What Are Mortgage Server Banks?

What Are Mortgage Server Banks? thumbnail
Mortgage service banks go after delinquent borrowers and initiate foreclosure proceedings.

Mortgage service banks handle routine processing tasks for the lender holding the loan. A crucial conflict of interest arises when the servicer also owns a mortgage on the same property.

  1. Function

    • Mortgage service banks manage your mortgage account on the lender's behalf. According to the Federal Trade Commission, servicers collect monthly payments, monitor escrow accounts, and manage delinquencies and foreclosure proceedings.

    Servicing Costs

    • The cost of servicing increases as delinquencies and defaults rise. Chasing past-due payments costs servicers time and money. Loan-servicing employees spend more time managing a delinquent account than one that is paid timely. Under-reporting delinquencies allows servicers to alleviate cost pressures.
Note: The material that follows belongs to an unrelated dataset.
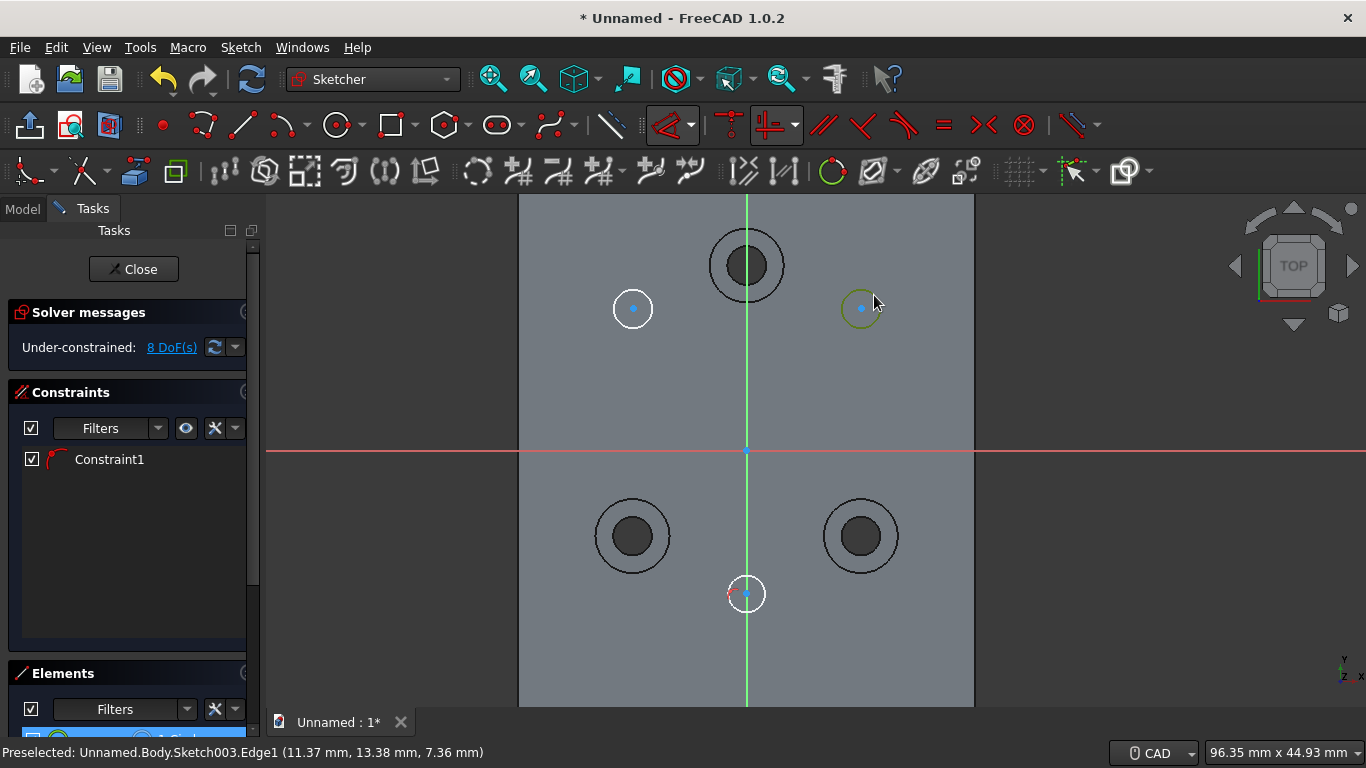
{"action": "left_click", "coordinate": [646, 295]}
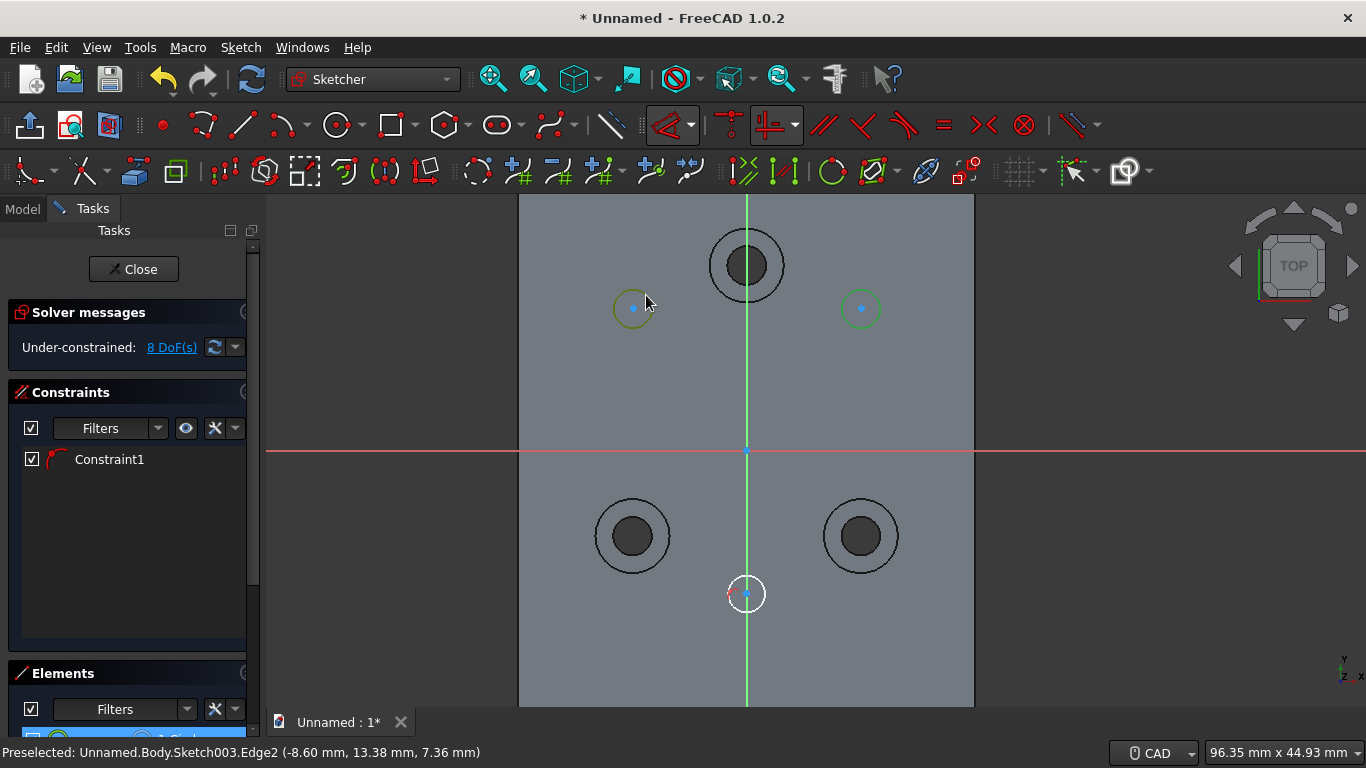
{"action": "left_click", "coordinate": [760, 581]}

    Effect on Loan Modifications

    • Servicers act on the lender's behalf, but create a conflict of interest when they hold second mortgages on the same properties. Delaying delinquencies and defaults on first mortgages means servicers collect payments made on their own second mortgages. Gretchen Morgenson of The New York Times states that the conflict of interest exists because "the Treasury Department never forced the second-lien holders who service troubled primary mortgages to reduce the amount they are owed by borrowers, even though such a move would give them a better shot at keeping their homes."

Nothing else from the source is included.